** Excerpted records follows **

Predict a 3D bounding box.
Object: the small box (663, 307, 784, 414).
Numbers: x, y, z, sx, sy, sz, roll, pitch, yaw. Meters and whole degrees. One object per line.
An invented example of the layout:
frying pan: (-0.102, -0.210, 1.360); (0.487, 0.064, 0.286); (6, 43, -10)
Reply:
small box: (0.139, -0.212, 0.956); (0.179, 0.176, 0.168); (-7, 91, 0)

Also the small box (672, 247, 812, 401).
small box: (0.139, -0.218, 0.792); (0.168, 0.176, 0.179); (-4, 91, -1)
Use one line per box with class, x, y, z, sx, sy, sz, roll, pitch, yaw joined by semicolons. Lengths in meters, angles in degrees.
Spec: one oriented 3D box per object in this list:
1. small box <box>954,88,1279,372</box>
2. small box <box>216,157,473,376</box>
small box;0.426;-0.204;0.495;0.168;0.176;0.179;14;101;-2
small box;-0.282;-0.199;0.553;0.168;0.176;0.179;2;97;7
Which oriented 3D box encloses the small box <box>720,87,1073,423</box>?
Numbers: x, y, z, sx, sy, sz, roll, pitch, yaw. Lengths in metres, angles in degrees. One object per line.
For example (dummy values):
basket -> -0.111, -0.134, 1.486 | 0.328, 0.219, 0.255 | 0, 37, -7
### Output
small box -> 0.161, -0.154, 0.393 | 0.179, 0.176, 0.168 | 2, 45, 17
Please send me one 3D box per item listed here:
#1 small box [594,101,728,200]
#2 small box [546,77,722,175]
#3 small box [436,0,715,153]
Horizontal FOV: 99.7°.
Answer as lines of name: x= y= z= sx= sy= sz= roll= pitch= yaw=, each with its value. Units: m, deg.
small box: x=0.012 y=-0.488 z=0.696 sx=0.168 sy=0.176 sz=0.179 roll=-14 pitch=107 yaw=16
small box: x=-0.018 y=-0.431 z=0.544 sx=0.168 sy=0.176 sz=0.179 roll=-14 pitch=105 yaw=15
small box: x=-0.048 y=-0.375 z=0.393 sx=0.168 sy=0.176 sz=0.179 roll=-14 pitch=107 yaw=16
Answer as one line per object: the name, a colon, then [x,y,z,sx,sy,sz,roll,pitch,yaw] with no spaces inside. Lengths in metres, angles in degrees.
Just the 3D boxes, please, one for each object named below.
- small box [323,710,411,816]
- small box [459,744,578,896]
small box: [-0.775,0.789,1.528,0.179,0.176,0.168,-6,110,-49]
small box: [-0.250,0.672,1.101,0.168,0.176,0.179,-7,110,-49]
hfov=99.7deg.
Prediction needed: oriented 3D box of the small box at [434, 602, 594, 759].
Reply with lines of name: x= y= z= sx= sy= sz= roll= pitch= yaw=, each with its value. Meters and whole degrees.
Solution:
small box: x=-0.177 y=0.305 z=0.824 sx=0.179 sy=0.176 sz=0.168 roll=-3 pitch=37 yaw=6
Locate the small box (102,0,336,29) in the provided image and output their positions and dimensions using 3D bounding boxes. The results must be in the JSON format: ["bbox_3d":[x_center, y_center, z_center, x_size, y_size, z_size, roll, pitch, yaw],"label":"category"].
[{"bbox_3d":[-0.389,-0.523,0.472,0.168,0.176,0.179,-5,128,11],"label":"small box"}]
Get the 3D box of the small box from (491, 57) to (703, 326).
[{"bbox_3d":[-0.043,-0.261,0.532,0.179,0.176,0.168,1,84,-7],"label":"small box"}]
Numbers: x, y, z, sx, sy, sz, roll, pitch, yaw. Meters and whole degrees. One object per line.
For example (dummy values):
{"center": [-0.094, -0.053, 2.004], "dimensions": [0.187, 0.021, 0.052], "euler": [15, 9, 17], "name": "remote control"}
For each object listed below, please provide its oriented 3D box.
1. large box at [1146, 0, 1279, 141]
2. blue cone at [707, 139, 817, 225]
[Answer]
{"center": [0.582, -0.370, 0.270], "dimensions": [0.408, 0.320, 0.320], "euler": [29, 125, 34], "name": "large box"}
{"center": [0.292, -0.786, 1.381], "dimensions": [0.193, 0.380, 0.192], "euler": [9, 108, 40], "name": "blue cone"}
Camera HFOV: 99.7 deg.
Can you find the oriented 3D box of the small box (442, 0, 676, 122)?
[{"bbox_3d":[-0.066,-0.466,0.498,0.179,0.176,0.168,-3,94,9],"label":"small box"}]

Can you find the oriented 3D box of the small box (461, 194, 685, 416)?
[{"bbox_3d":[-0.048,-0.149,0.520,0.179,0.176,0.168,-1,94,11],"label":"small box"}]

** End of Excerpted records **

> **Aim of the task**
Which lines above include the word "metres"? Pick them out and copy them.

> **Expected answer**
Numbers: x, y, z, sx, sy, sz, roll, pitch, yaw. Lengths in metres, angles in degrees. One object per line.
Answer as one line per object: the name, a colon, then [x,y,z,sx,sy,sz,roll,pitch,yaw] with no spaces inside. Lengths in metres, angles in degrees.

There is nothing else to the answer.